Tiny home on East Green Mountain Rd.

Neighbors allege that this tiny house on private property is the first of several planned for the nine-acre property.

CLAREMONT — The Claremont Planning Board aims to amend the city’s zoning ordinance to limit how long residents may park a recreational vehicle (or RV) in a single space, which may impact the use of recreational vehicles and tiny homes.

Mayor Charlene Lovett reported that a New Hampshire legislative committee, comprised of three state representatives and one state senator, is studying codes and regulations for tiny houses, in order for the state assembly to consider allowing them in New Hampshire.

Lovett said that because New Hampshire has no statute regarding tiny houses, even if a community’s zoning ordinance allowed for one, the owner would run the risk of needing to modify the house should it fail to comply with later regulations by the state.

The committee’s study is expected to include definitions of tiny houses and codes and regulations for such homes. The assembly aims to consider a bill for approval next session.

Claremont’s closest dwelling comparable to a tiny house, located on East Green Mountain Road, is actually classified as a “RV,” according to Claremont Planning Director Scott Osgood.

Claremont’s zoning bylaws do include an ordinance relating to recreation vehicles, Osgood said. Claremont’s ordinance primarily characterizes an RV as being a temporary living space. An RV should be mobile, though Osgood said that Claremont’s ordinance does not go so far as to include, say, having a motor or being drivable.

“If it can be used like an RV, it can be treated like an RV,” Osgood said.

Unlike some communities, however, Claremont’s ordinance does not specify how long an RV can park on a particular property. Though Claremont’s ordinance defines an RV as temporary quarters, not permanent, the ordinance lacks a definition of what “temporary” means, making it difficult to enforce.

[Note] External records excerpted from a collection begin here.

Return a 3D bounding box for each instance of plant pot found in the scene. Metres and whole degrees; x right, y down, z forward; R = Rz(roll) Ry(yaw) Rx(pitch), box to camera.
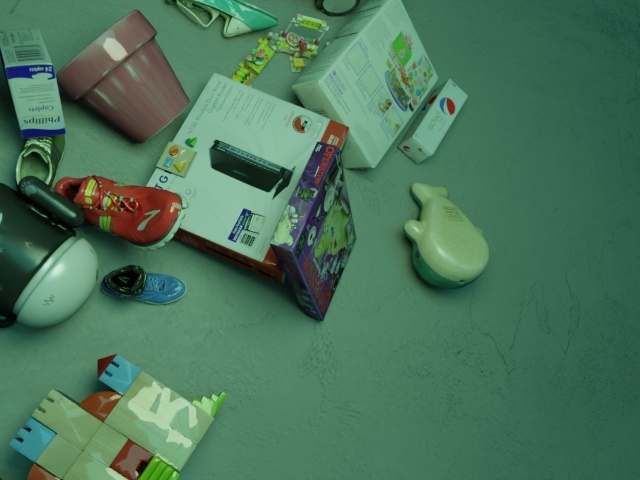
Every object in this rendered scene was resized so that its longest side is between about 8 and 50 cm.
[{"bbox_3d":[-0.350,-0.288,1.020,0.180,0.201,0.201,51,62,-25],"label":"plant pot"}]

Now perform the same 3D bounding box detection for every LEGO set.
[{"bbox_3d":[-0.076,-0.420,1.212,0.286,0.107,0.132,-20,87,-27],"label":"LEGO set"}]

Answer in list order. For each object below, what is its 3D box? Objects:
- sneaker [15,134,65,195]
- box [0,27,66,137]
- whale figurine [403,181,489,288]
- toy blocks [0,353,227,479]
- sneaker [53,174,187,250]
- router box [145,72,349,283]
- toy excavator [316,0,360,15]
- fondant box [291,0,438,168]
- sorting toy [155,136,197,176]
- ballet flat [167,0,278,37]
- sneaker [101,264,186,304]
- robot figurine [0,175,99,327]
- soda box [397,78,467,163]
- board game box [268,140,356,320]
[{"bbox_3d":[-0.491,-0.151,0.970,0.064,0.086,0.192,10,73,-22],"label":"sneaker"},{"bbox_3d":[-0.491,-0.266,0.935,0.072,0.137,0.126,-15,51,-25],"label":"box"},{"bbox_3d":[0.276,-0.009,1.287,0.216,0.141,0.272,3,53,-25],"label":"whale figurine"},{"bbox_3d":[-0.363,0.342,0.885,0.260,0.191,0.382,35,66,-2],"label":"toy blocks"},{"bbox_3d":[-0.344,-0.055,0.915,0.118,0.278,0.108,36,66,-55],"label":"sneaker"},{"bbox_3d":[-0.143,-0.126,1.075,0.300,0.082,0.336,22,68,2],"label":"router box"},{"bbox_3d":[-0.072,-0.681,1.190,0.445,0.432,0.223,11,72,-52],"label":"toy excavator"},{"bbox_3d":[0.114,-0.359,1.249,0.330,0.096,0.238,-53,125,-24],"label":"fondant box"},{"bbox_3d":[-0.262,-0.163,1.024,0.061,0.012,0.083,19,69,2],"label":"sorting toy"},{"bbox_3d":[-0.216,-0.490,1.190,0.247,0.083,0.087,19,95,-20],"label":"ballet flat"},{"bbox_3d":[-0.315,0.081,0.999,0.152,0.084,0.058,10,74,-23],"label":"sneaker"},{"bbox_3d":[-0.496,0.019,0.885,0.278,0.209,0.174,37,49,-13],"label":"robot figurine"},{"bbox_3d":[0.279,-0.296,1.367,0.069,0.074,0.216,38,66,-12],"label":"soda box"},{"bbox_3d":[0.000,0.000,1.040,0.056,0.347,0.208,21,69,18],"label":"board game box"}]
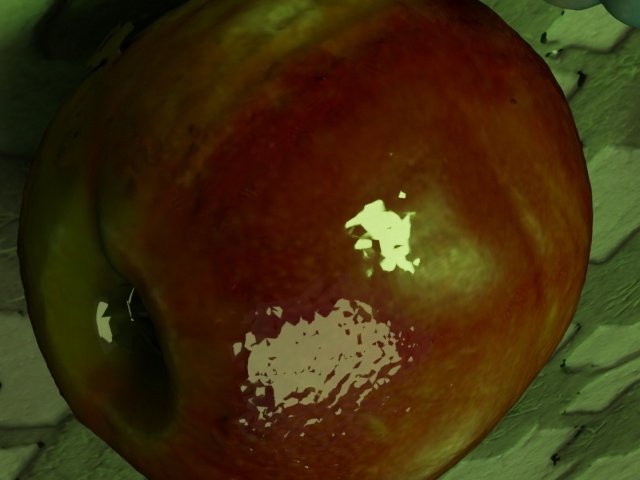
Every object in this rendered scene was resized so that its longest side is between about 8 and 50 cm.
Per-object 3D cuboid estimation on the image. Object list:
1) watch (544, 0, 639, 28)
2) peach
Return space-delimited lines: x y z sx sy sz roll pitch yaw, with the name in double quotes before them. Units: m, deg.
"watch" 0.178 -0.232 0.923 0.193 0.211 0.211 -34 152 -13
"peach" 0.002 -0.001 1.002 0.372 0.373 0.290 2 170 -42
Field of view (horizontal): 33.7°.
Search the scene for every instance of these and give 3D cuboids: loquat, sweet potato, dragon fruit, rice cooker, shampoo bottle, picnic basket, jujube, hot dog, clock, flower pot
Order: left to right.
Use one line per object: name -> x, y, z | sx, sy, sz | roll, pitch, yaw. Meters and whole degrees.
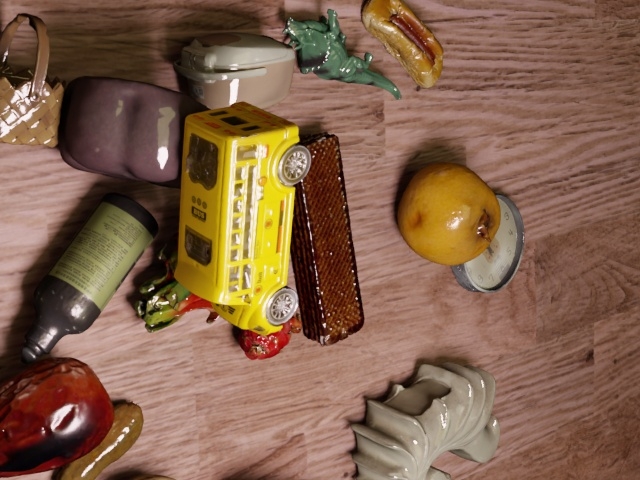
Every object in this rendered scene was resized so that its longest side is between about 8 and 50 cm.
picnic basket -> -0.423, -0.226, 1.464 | 0.137, 0.128, 0.179 | 1, 112, -46
jujube -> -0.418, 0.269, 1.528 | 0.236, 0.168, 0.168 | -30, 117, -18
shampoo bottle -> -0.359, 0.063, 1.586 | 0.101, 0.101, 0.284 | 49, 63, -36
sweet potato -> -0.357, 0.350, 1.659 | 0.081, 0.062, 0.233 | 48, 66, -38
dragon fruit -> -0.178, 0.030, 1.707 | 0.269, 0.198, 0.200 | -21, 131, -32
rice cooker -> -0.135, -0.275, 1.725 | 0.206, 0.145, 0.127 | -22, 121, -37
dragon fruit -> -0.087, 0.156, 1.885 | 0.190, 0.094, 0.094 | -25, 114, -65
hot dog -> 0.174, -0.388, 2.053 | 0.242, 0.073, 0.084 | 41, 73, -39
flower pot -> 0.223, 0.395, 2.147 | 0.367, 0.164, 0.254 | -29, 121, -37
loquat -> 0.253, -0.053, 2.088 | 0.208, 0.208, 0.208 | -7, 101, -43
clock -> 0.366, 0.004, 2.307 | 0.226, 0.049, 0.226 | -9, 103, -44

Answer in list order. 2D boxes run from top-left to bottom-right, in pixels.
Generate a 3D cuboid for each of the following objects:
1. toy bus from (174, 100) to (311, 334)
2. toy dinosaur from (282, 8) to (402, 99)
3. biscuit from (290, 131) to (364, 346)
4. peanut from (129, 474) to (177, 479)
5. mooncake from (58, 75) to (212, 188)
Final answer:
toy bus -> -0.121, -0.019, 1.507 | 0.152, 0.144, 0.330 | -16, 121, -41
toy dinosaur -> 0.041, -0.345, 1.930 | 0.292, 0.079, 0.120 | 9, 95, -41
biscuit -> 0.000, 0.000, 1.941 | 0.107, 0.073, 0.388 | -22, 110, -38
peanut -> -0.232, 0.551, 1.724 | 0.192, 0.169, 0.387 | -48, 127, -44
mooncake -> -0.267, -0.154, 1.549 | 0.245, 0.245, 0.133 | 11, 88, -44
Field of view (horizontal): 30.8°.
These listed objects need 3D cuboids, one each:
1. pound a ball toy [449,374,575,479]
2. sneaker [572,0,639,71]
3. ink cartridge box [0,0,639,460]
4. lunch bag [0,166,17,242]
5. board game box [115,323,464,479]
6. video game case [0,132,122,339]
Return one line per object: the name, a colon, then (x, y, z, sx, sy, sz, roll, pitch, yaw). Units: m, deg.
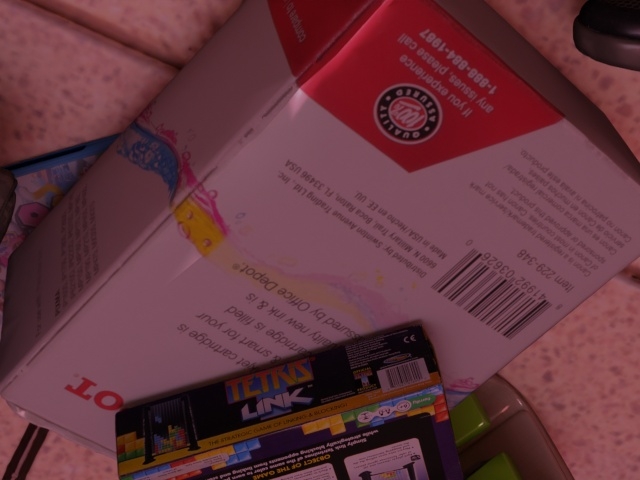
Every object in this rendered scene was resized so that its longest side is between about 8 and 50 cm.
pound a ball toy: (0.037, 0.260, 0.776, 0.319, 0.208, 0.136, -42, 141, 19)
sneaker: (0.244, -0.156, 0.610, 0.228, 0.087, 0.130, -7, 119, -1)
ink cartridge box: (0.000, 0.000, 0.649, 0.226, 0.131, 0.306, 35, 115, -31)
lunch bag: (-0.328, 0.050, 0.555, 0.256, 0.305, 0.212, 29, 154, -17)
board game box: (-0.009, 0.129, 0.635, 0.170, 0.048, 0.141, -16, 132, 0)
video game case: (-0.162, 0.003, 0.730, 0.166, 0.015, 0.119, -15, 120, 7)

Osgood recommended that the planning board include a time specification, saying that towns with similar ordinances include a limit for RV parking, though that length varies from one ordinance to the next.

“Some set the limit at 90 days, some at 180,” Osgood said.

The planning board asked to add a discussion of the ordinance revision to a future agenda.

Public hearing for waste transfer station postponed

Osgood told the planning board that representatives of American Recycling & Disposal, which has proposed a waste transfer station next to the railroad tracks on Industrial Boulevard, will not have their site plan ready for presentation to the planning board on Monday, Aug. 26, and that the applicants will request an extension instead.

“They’re putting together a plan, but the engineer said that looking at the schedule he didn’t know how long it was going to take,” Osgood said.